Human B7-H3 binds to Triggering receptor expressed on myeloid cells-like transcript 2 (TLT-2) and enhances T cell responses

作     者：Masaaki Hashiguchi Yuka Inamochi Shoya Nagai Noriko Otsuki Jinhua Piao Hiroko Kobori Yumiko Kanno Hidefumi Kojima Tetsuji Kobata Miyuki Azuma 

作者机构：Department of Immunology Dokkyo Medical University School of Medicine Mibu Tochigi Japan Department of Molecular Immunology Graduate School of Medical and Dental Sciences Tokyo Medical and Dental University Tokyo Japan 

出 版 物：《Open Journal of Immunology》 (免疫学期刊（英文）)

年 卷 期：2012年第2卷第1期

页      面：9-16页

学科分类：1002[医学-临床医学] 100214[医学-肿瘤学] 10[医学] 

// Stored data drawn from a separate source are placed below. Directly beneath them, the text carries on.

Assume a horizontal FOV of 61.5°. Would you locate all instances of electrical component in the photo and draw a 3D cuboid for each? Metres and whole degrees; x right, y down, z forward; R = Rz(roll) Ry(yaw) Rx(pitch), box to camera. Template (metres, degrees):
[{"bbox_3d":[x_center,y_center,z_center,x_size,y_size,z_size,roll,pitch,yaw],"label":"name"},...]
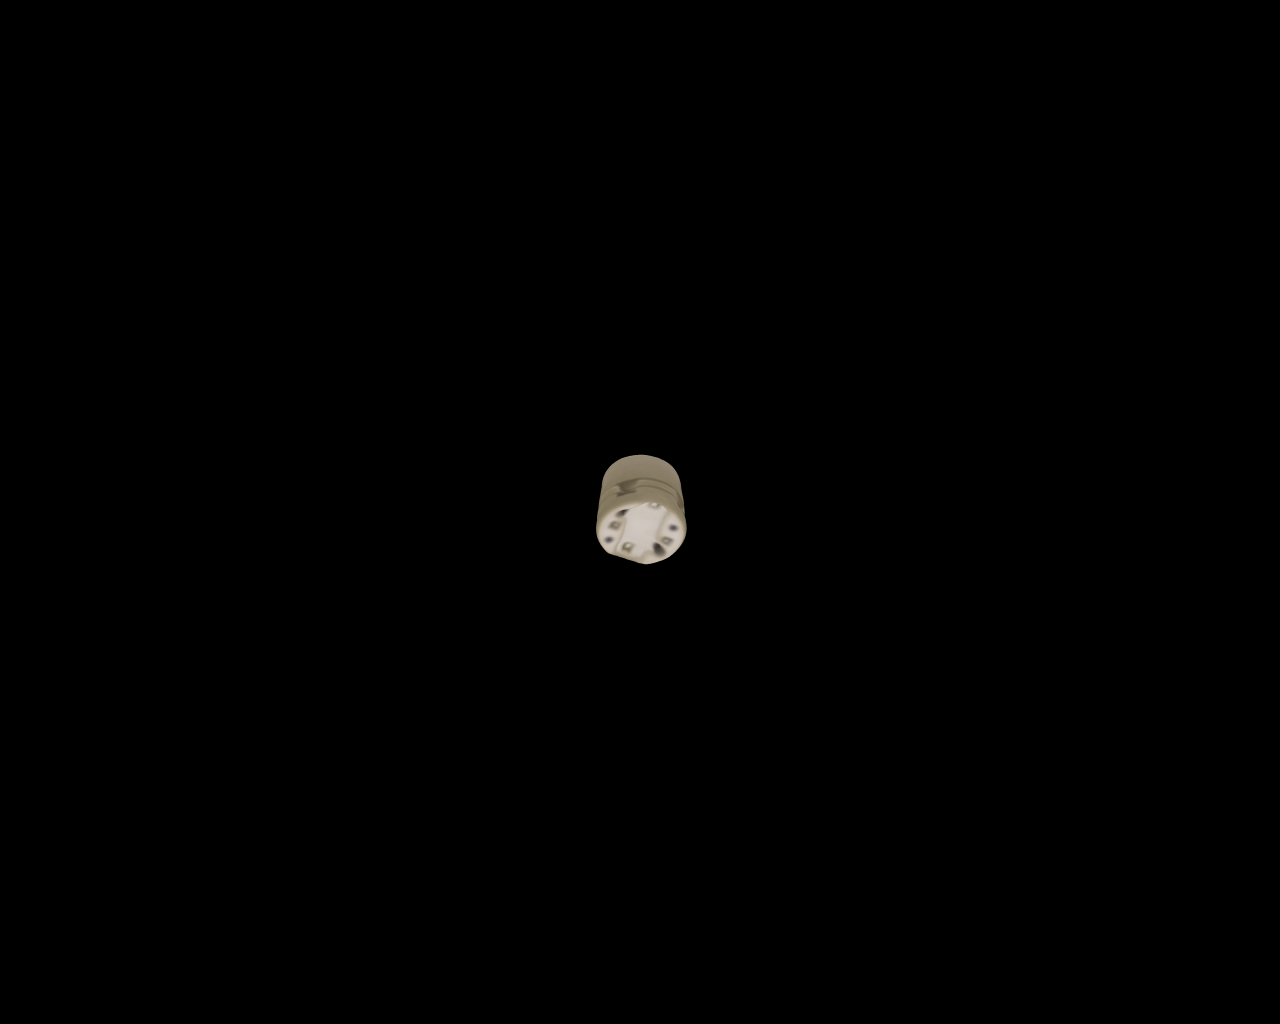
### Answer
[{"bbox_3d":[0.001,-0.003,0.650,0.055,0.055,0.047,0,44,0],"label":"electrical component"}]
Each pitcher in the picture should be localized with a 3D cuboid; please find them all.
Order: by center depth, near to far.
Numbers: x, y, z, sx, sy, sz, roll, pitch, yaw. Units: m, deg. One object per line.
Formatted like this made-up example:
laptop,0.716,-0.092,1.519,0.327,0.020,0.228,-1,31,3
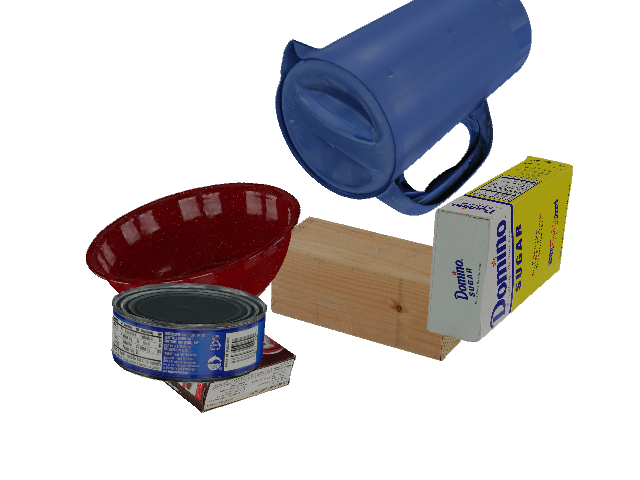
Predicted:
pitcher,0.091,-0.140,0.963,0.145,0.149,0.242,22,45,37

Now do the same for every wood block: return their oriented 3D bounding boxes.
wood block,0.056,0.049,1.164,0.206,0.091,0.090,15,27,25

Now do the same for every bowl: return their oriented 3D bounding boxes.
bowl,-0.088,0.014,0.796,0.162,0.055,0.162,-11,25,5

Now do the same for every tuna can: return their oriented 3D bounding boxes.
tuna can,-0.073,0.050,0.596,0.086,0.034,0.086,4,12,-1

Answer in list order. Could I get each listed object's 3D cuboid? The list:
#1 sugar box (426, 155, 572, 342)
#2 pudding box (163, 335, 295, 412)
sugar box,0.137,0.002,0.791,0.048,0.093,0.175,12,22,26
pudding box,-0.094,0.112,0.996,0.090,0.039,0.113,30,29,36

主　　题：B7-H3 Co-Signal Molecule T Cell TLT-2 

摘      要：The B7 family member B7-H3 is broadly expressed in many tissue and tumor types. B7-H3 expression is induced on some immune cells;however, its immunological function remains controversial, because both immunoenhancing and immunoinhibitory effects have been reported in human and mouse systems. We have previously reported the following: 1) murine B7-H3 specifically bound to Triggering receptor expressed on myeloid cells (TREM)-like transcript 2 (TLT-2, TREML2), a member of the TREM family of receptors;and 2) the B7-H3:TLT-2 pathway up-regulated T cell responses. However, the expression and function of human TLT-2 has not yet been clarified. A recent study found no evidence to support the existence of an interacttion between human B7-H3 and TLT-2. In this study, we demonstrated that human B7-H3 binds to TLT-2 and augments T cell responses. Human and mouse B7-H3Ig chimeric proteins cross-interacted with both human and mouse species of TLT-2-transduced cells. Human TLT-2 was expressed on freshly isolated, peripheral blood B cells and monocytes, and subpopulations of CD4+ and CD8+ T cells. Human TLT-2 expression on T cells did not correlate with na?ve or memory phenotypes and was diminished after culture, despite the presence of mitogenic stimuli. Constitutive TLT-2 expression on monocytes was also down-regulated after culture. Human B7-H3 transfectants augment IL-2 production from TLT-2-transduced T cell hybridomas, and IFN-γ production from peripheral blood CD4+ and CD8+ T cells. The enhanced responses were inhibited by the addition of anti-TLT-2 mAbs, suggesting TLT-2-mediated costimulatory effect. Our results demonstrate the existence of a functional interaction between human B7-H3 and TLT-2, and the restricted expression of TLT-2 on T cells and monocytes.